Compliance With Multidisciplinary Care Standards in a Psychiatric Inpatient Unit: A Clinical Audit From a Tertiary Hospital in the United Arab Emirates
Mohammed Al Ahbabi, Khaled Jawabri, Alyazia Al Kaabi, Fadwa Al Mugaddam, Syed Fahad JavaidAims:
Multidisciplinary care is essential for safe and effective inpatient psychiatric treatment. Involvement of social work and psychology services supports psychosocial assessment, risk management, discharge planning, and continuity of care. This audit assessed compliance with local guidelines for multidisciplinary inpatient care, informed by the Royal College of Psychiatrists’ Core Standards for Inpatient Mental Health Services (Centre for Quality Improvement), which emphasise timely multidisciplinary involvement, including psychology and social work input, and clear documentation in multidisciplinary team reviews. We aimed to identify good practices and any gaps in early referral and documentation.
Methods:
A retrospective audit at the Behavioural Sciences Institute (BSI), Al Ain Hospital, United Arab Emirates, reviewed electronic records of 193 psychiatric admissions. Four standards from the Royal College of Psychiatrists’ Core Standards were assessed: (1) social work referral within a week; (2) psychology referral within a week of admission; (3)documentation of social work input in multidisciplinary team (MDT notes; and (4) psychology input documented in MDT notes.

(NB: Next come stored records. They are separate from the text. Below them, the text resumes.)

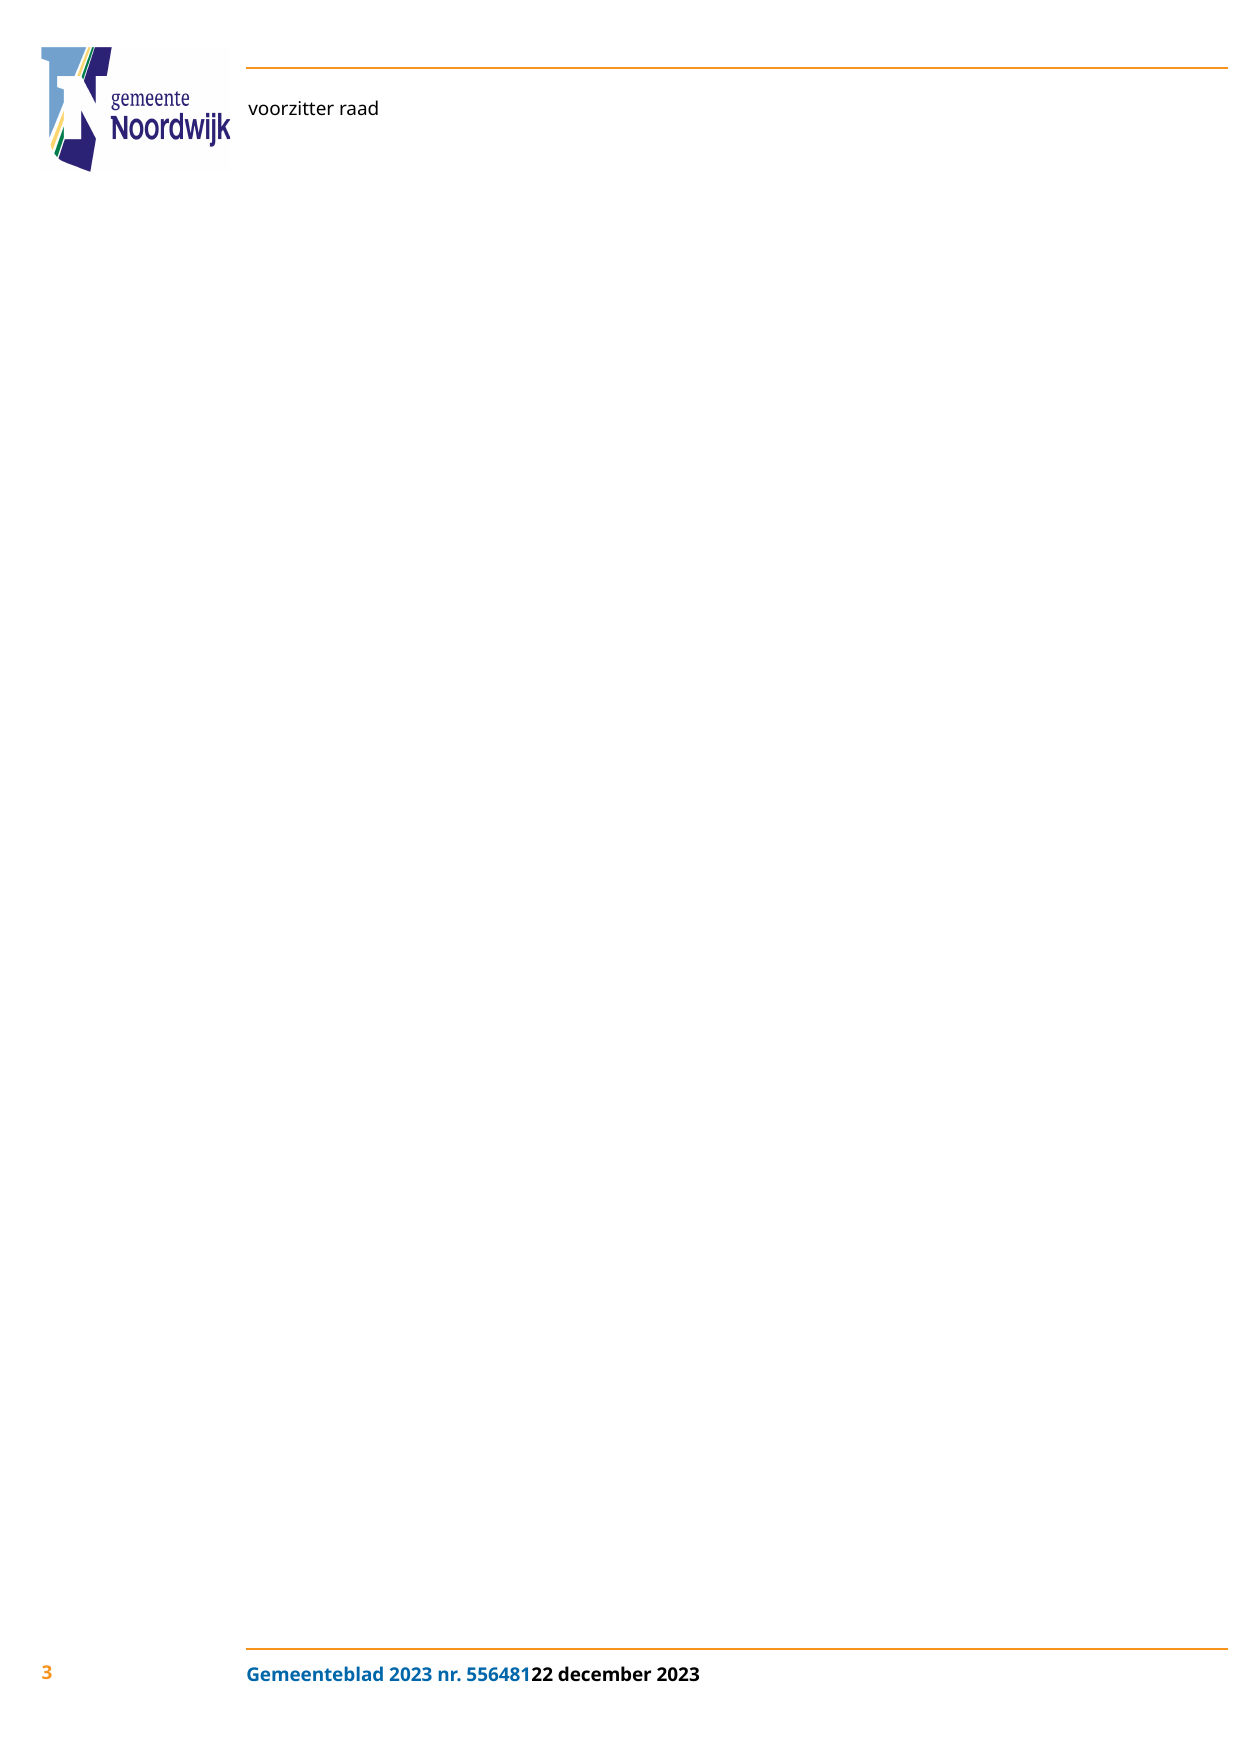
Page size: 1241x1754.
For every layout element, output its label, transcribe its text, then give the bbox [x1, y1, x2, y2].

picture [41, 47, 231, 172]
text voorzitter raad [248, 95, 1152, 121]
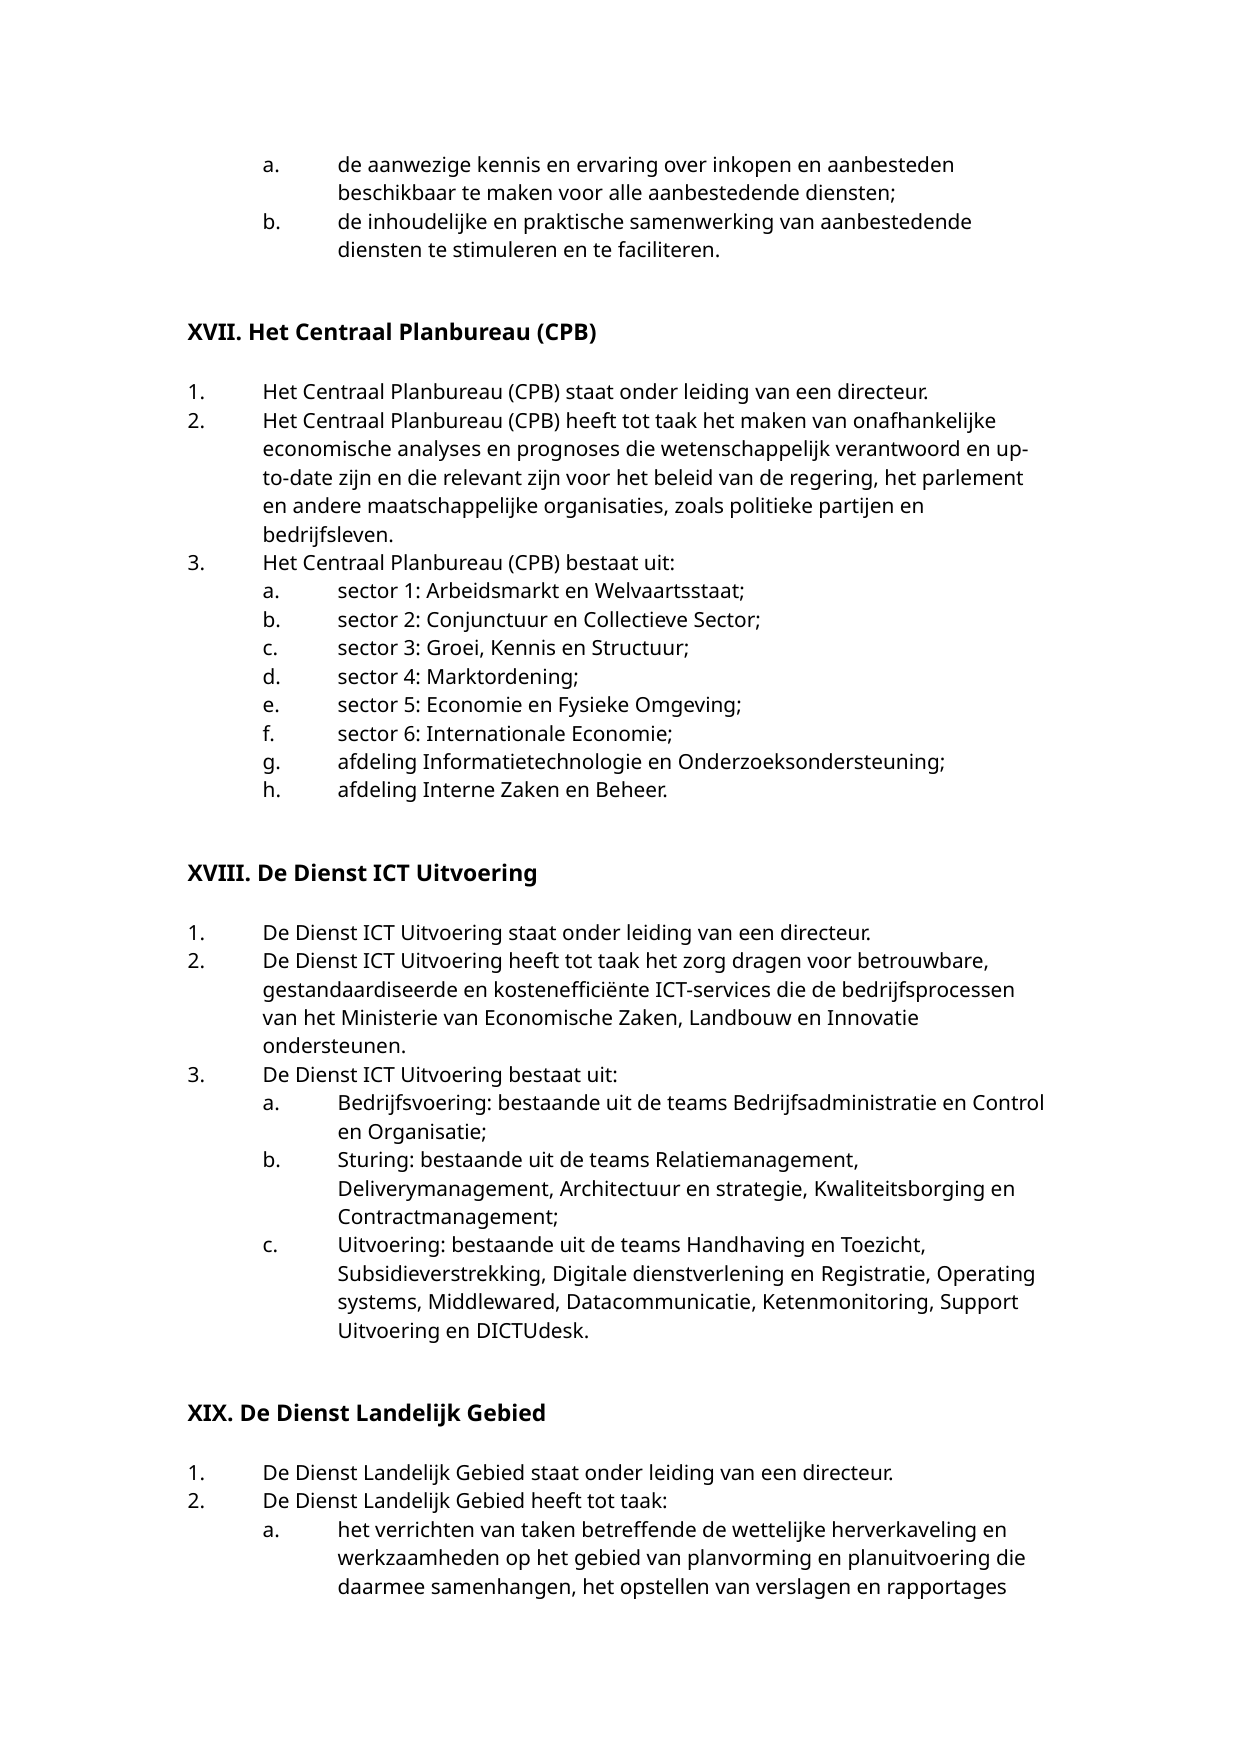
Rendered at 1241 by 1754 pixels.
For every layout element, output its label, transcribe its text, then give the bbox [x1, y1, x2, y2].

list sector 4: Marktordening; [262, 662, 1053, 690]
list Het Centraal Planbureau (CPB) heeft tot taak het maken van onafhankelijke economische analyses en prognoses die wetenschappelijk verantwoord en up-to-date zijn en die relevant zijn voor het beleid van de regering, het parlement en andere maatschappelijke organisaties, zoals politieke partijen en bedrijfsleven. [187, 406, 1053, 548]
list sector 3: Groei, Kennis en Structuur; [262, 633, 1053, 662]
list afdeling Interne Zaken en Beheer. [262, 776, 1053, 804]
list De Dienst ICT Uitvoering bestaat uit: [187, 1060, 1053, 1088]
list Het Centraal Planbureau (CPB) bestaat uit: [187, 548, 1053, 577]
list het verrichten van taken betreffende de wettelijke herverkaveling en werkzaamheden op het gebied van planvorming en planuitvoering die daarmee samenhangen, het opstellen van verslagen en rapportages [262, 1515, 1053, 1600]
subtitle XVII. Het Centraal Planbureau (CPB) [187, 316, 1053, 347]
list Sturing: bestaande uit de teams Relatiemanagement, Deliverymanagement, Architectuur en strategie, Kwaliteitsborging en Contractmanagement; [262, 1145, 1053, 1231]
list de inhoudelijke en praktische samenwerking van aanbestedende diensten te stimuleren en te faciliteren. [262, 207, 1053, 264]
list Uitvoering: bestaande uit de teams Handhaving en Toezicht, Subsidieverstrekking, Digitale dienstverlening en Registratie, Operating systems, Middlewared, Datacommunicatie, Ketenmonitoring, Support Uitvoering en DICTUdesk. [262, 1231, 1053, 1344]
list De Dienst ICT Uitvoering staat onder leiding van een directeur. [187, 918, 1053, 946]
list sector 1: Arbeidsmarkt en Welvaartsstaat; [262, 577, 1053, 605]
list Het Centraal Planbureau (CPB) staat onder leiding van een directeur. [187, 377, 1053, 406]
list de aanwezige kennis en ervaring over inkopen en aanbesteden beschikbaar te maken voor alle aanbestedende diensten; [262, 150, 1053, 207]
list afdeling Informatietechnologie en Onderzoeksondersteuning; [262, 747, 1053, 776]
list De Dienst Landelijk Gebied staat onder leiding van een directeur. [187, 1458, 1053, 1487]
list sector 5: Economie en Fysieke Omgeving; [262, 690, 1053, 719]
list De Dienst Landelijk Gebied heeft tot taak: [187, 1487, 1053, 1515]
list De Dienst ICT Uitvoering heeft tot taak het zorg dragen voor betrouwbare, gestandaardiseerde en kostenefficiënte ICT-services die de bedrijfsprocessen van het Ministerie van Economische Zaken, Landbouw en Innovatie ondersteunen. [187, 946, 1053, 1060]
subtitle XIX. De Dienst Landelijk Gebied [187, 1397, 1053, 1428]
list Bedrijfsvoering: bestaande uit de teams Bedrijfsadministratie en Control en Organisatie; [262, 1088, 1053, 1145]
subtitle XVIII. De Dienst ICT Uitvoering [187, 857, 1053, 888]
list sector 2: Conjunctuur en Collectieve Sector; [262, 605, 1053, 633]
list sector 6: Internationale Economie; [262, 719, 1053, 747]
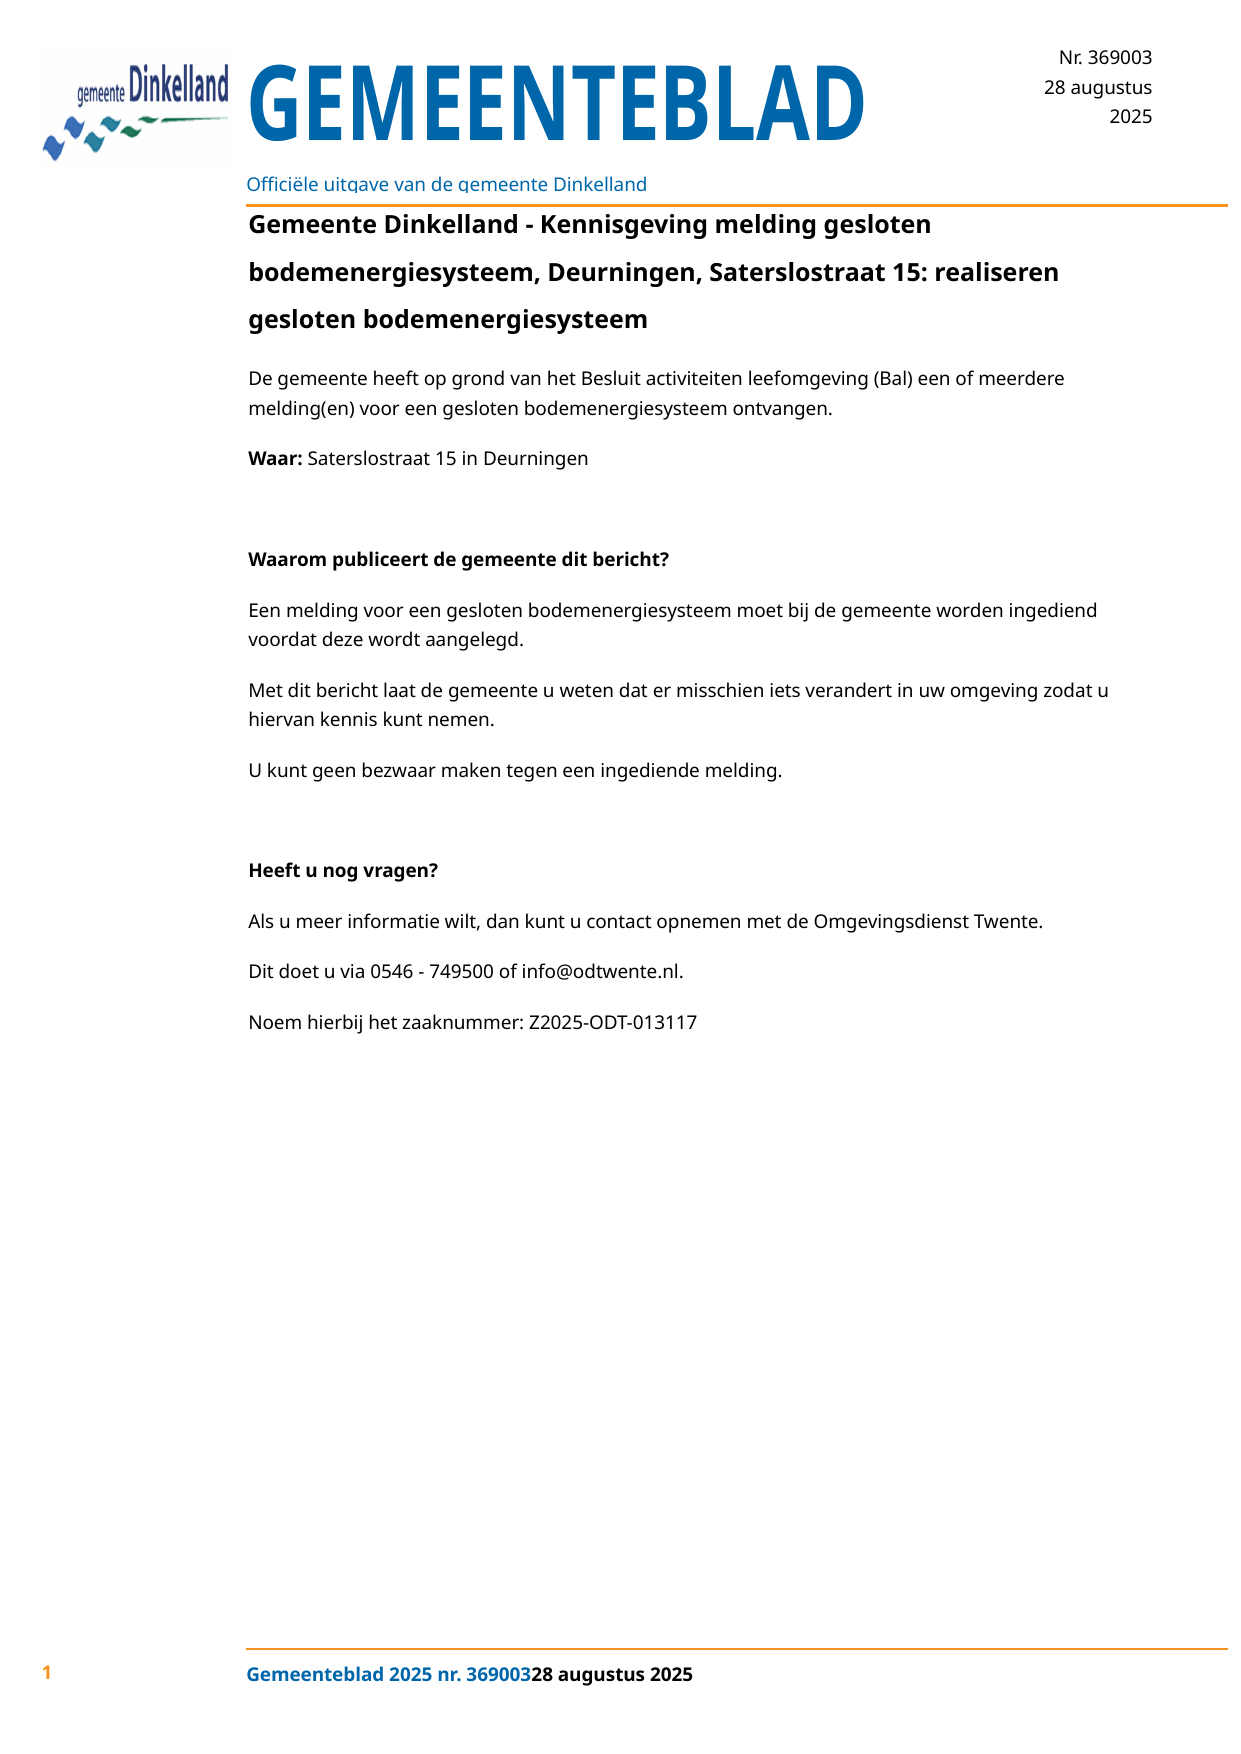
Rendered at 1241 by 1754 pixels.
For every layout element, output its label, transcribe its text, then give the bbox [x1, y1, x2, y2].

text Heeft u nog vragen? [248, 858, 1152, 883]
text Waar: Saterslostraat 15 in Deurningen [248, 446, 1152, 471]
text U kunt geen bezwaar maken tegen een ingediende melding. [248, 757, 1152, 782]
text Dit doet u via 0546 - 749500 of info@odtwente.nl. [248, 958, 1152, 984]
text Een melding voor een gesloten bodemenergiesysteem moet bij de gemeente worden ingediend voordat deze wordt aangelegd. [248, 597, 1152, 652]
text Gemeente Dinkelland - Kennisgeving melding gesloten bodemenergiesysteem, Deurningen, Saterslostraat 15: realiseren gesloten bodemenergiesysteem [248, 207, 1152, 336]
text Als u meer informatie wilt, dan kunt u contact opnemen met de Omgevingsdienst Twente. [248, 908, 1152, 934]
text Waarom publiceert de gemeente dit bericht? [248, 546, 1152, 572]
text Met dit bericht laat de gemeente u weten dat er misschien iets verandert in uw omgeving zodat u hiervan kennis kunt nemen. [248, 677, 1152, 732]
text Noem hierbij het zaaknummer: Z2025-ODT-013117 [248, 1009, 1152, 1034]
text De gemeente heeft op grond van het Besluit activiteiten leefomgeving (Bal) een of meerdere melding(en) voor een gesloten bodemenergiesysteem ontvangen. [248, 366, 1152, 421]
picture [41, 47, 231, 172]

Compliance was measured by percentage, stratified by unit type (male, female, forensic) to explore practice variation. Descriptive data analysis was used.
Results:
Social work referrals within one week were completed in 29.0% of admissions, and psychology referrals in 32.6%. Documentation rates were higher but still suboptimal: social work input was recorded in 38.3% of cases, and psychology in 44.0%. There was variation between units. The male unit had the lowest early referral compliance, with social work and psychology orders in 16.0% and 22.0% of cases, respectively. MDT documentation was higher but incomplete. The female unit performed better, with social work orders in 47.5% and psychology orders in 50.8%, though psychology documentation was low at 32.8%. In the forensic unit, early referrals were moderate for social work (34.4%) and low for psychology (25.0%), but MDT documentation was the highest, with social work noted in 75.0% and psychology in 56.3%. Overall, MDT documentation rates exceeded early referral rates, indicating delayed multidisciplinary involvement.
Conclusion:
This audit found gaps in referral practices for social work and psychology in psychiatric inpatient care, especially early referral within a week of admission. Documentation in MDT notes was more frequent but still below standards, indicating delayed engagement. To improve care, structured admission pathways, automated referrals, standardised documentation, and staff education are needed.
No financial sponsorship was received for this project.